ExtractionPreprocessed User Interface with DIRECTOR_RELATIONSHIP Available

One of the complications in creating this artifact was to decide how to pick a span of time to use for reporting. The final span we decided on is not perfect but is at least a reasonable starting point – this data is organized by reporting calendar year. During calendar year 2020 (1/1/2020 – 12/31/2020) we identified all DC tables that were filed and isolated those that reported DC data for FYE 2019 or 2020. We identified all directors reported in the DC tables where we were able to match a PERSON-CIK to the directors. We then looked for all other DC tables filed in the 2020 calendar year that included that director.

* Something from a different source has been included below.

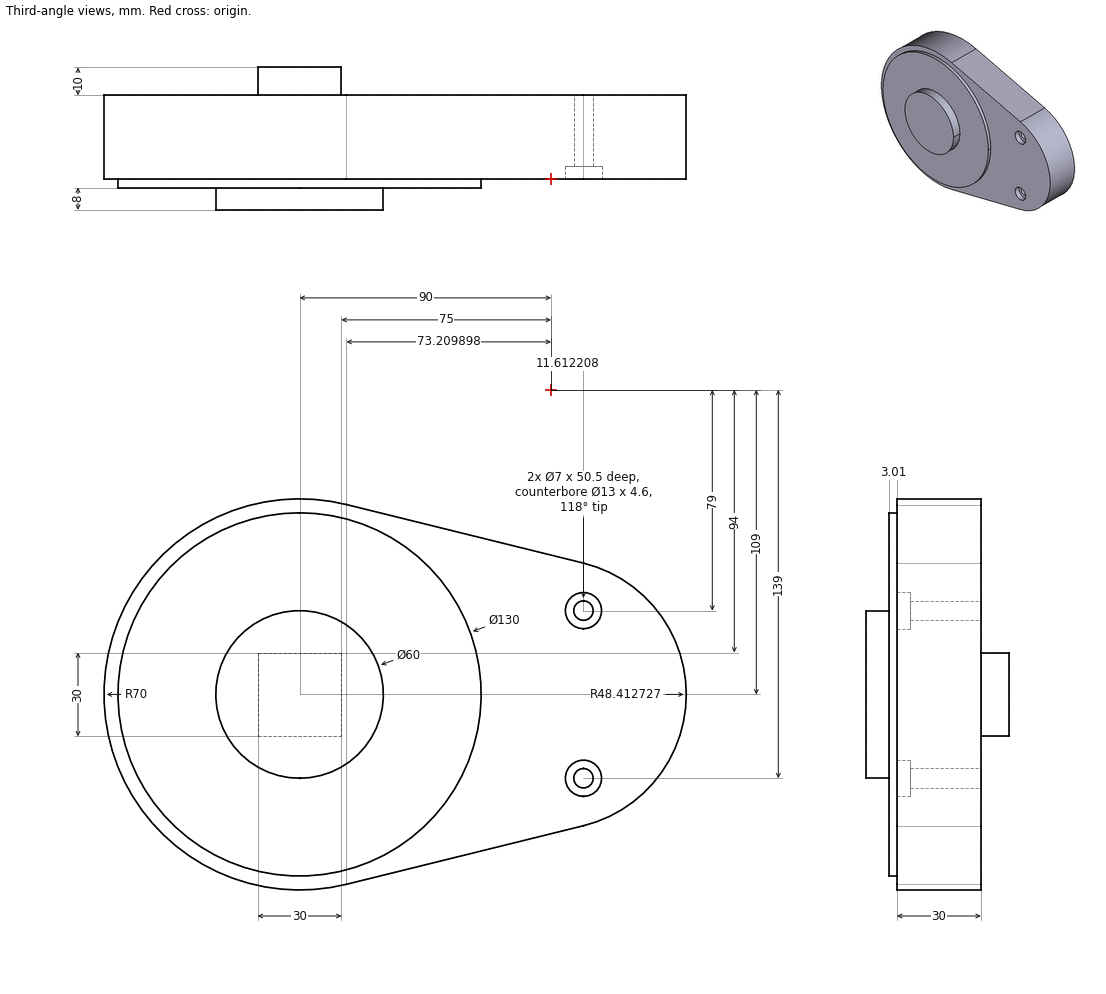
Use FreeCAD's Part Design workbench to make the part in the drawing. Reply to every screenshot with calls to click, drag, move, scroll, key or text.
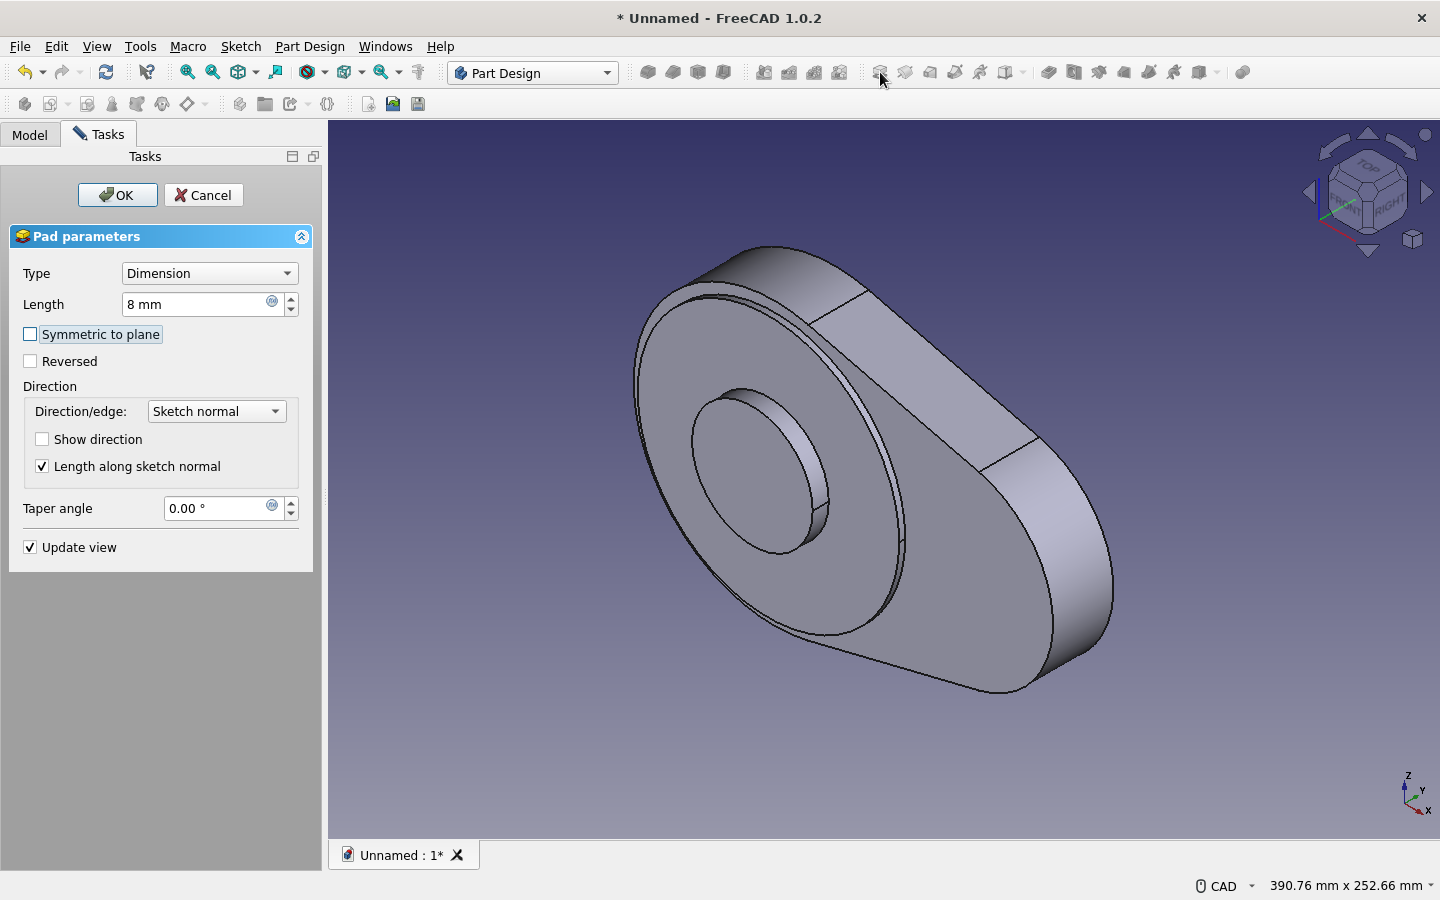
click(118, 195)
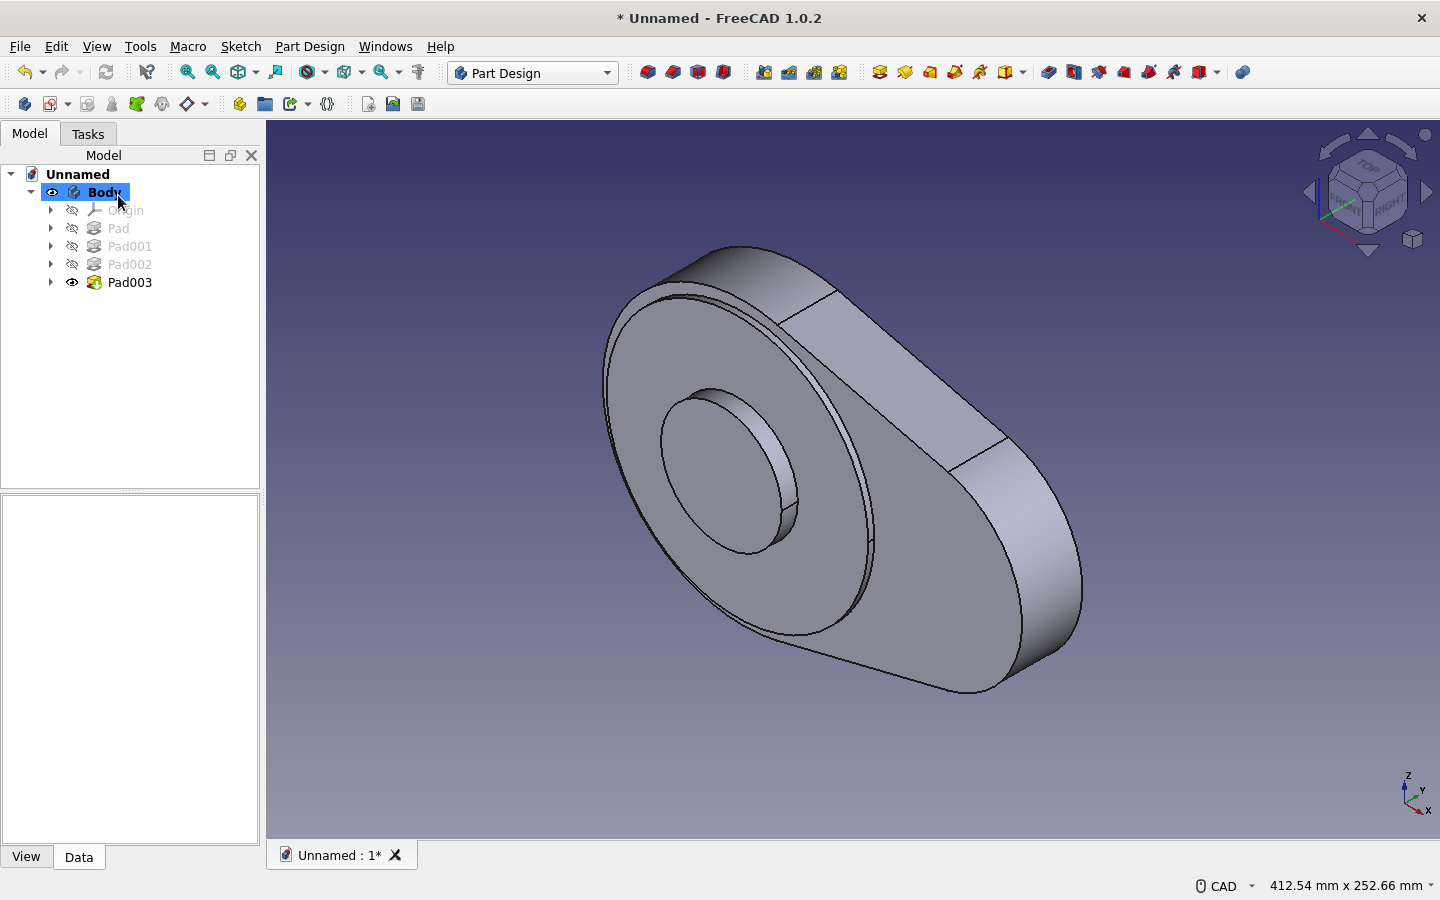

The data is organized by ISSUER CIK/Calendar Year. So for example if you want to explore the 2020 relationship data for Apple Inc (CIK 320193) your request file should have the value 2020 in the YEAR column. The results will list all of the directors reported in the DC data that Apple filed in 2020 as well as their PERSON-CIK and SEC-NAME (if available) as well as their GENDER and their AGE and tenure (SINCE) as it was reported in the Apple filing. The remaining columns will list the CIK (OTHER_ISSUER_CIK_#) of any other issuer(s) that included the director in their DC data as well as their tenure with the other registrant (OTHER_ISSUER_SINCE_#). Here is a screenshot of this data for APPLE INC:

DIRECTOR_RELATIONSHIP data view with focus on Apple Inc (CIK 320193)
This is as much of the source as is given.